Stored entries
--
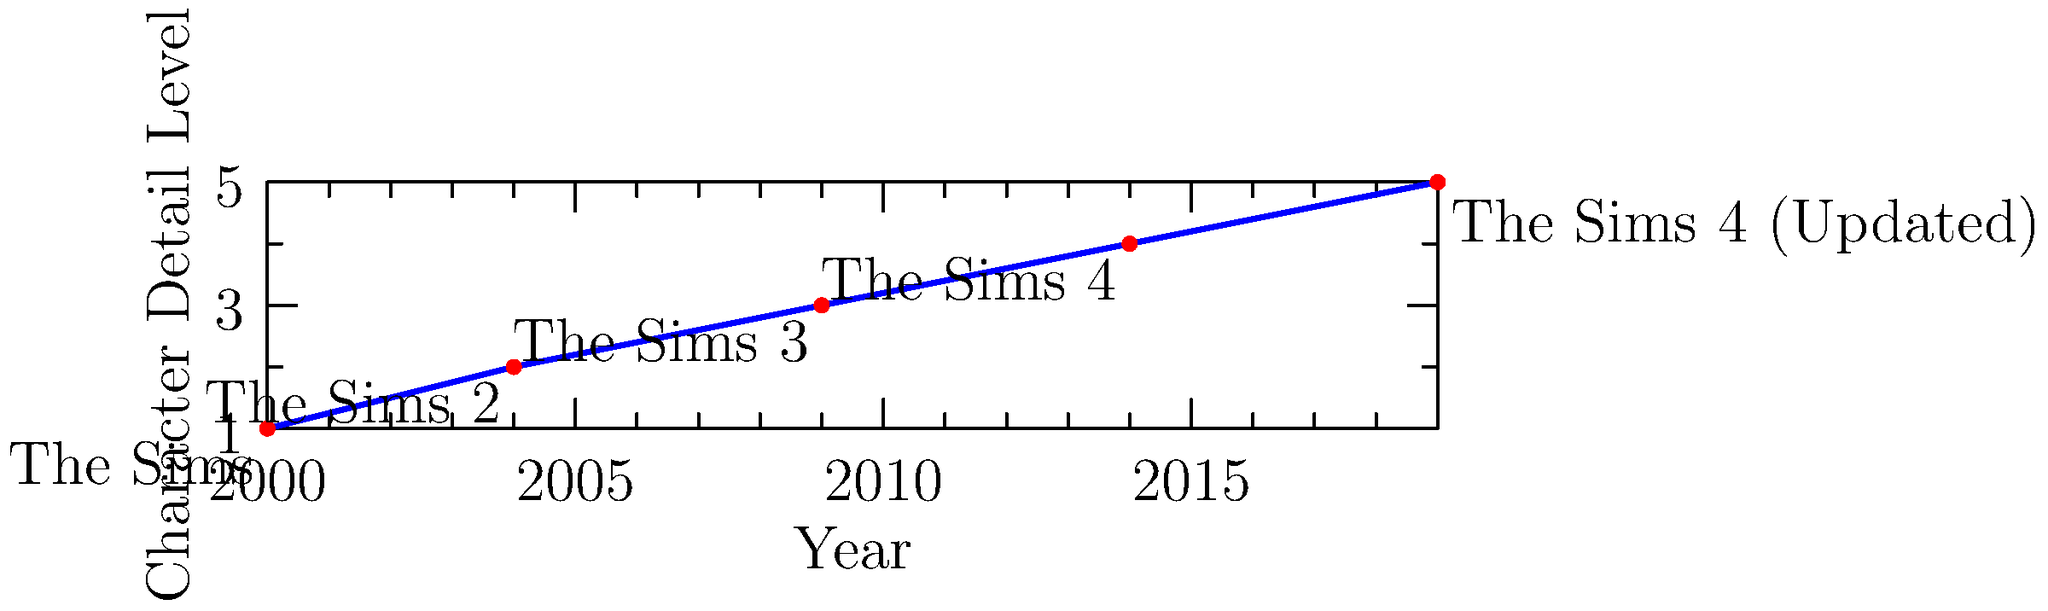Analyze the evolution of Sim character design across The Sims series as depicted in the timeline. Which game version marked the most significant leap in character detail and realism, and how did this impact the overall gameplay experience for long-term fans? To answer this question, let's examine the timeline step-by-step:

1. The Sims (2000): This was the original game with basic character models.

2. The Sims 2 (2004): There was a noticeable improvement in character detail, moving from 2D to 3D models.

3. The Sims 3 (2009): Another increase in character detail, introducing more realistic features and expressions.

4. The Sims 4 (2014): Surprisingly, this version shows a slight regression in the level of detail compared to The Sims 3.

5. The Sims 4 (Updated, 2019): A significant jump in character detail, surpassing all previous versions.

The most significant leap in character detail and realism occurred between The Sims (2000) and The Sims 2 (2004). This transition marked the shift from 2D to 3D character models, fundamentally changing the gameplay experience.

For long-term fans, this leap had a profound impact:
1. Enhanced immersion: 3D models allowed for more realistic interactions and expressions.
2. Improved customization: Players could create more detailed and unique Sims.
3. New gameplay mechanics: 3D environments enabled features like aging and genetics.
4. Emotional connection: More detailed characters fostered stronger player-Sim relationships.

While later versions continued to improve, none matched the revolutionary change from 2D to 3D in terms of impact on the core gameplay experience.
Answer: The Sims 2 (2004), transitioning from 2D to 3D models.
--
◆ **WHAT YOU HAVE TO DO**
Above are the entries; copy out every line among them that contains the word "detailed".

◆ **TASK RESPONSE**
2. Improved customization: Players could create more detailed and unique Sims.
4. Emotional connection: More detailed characters fostered stronger player-Sim relationships.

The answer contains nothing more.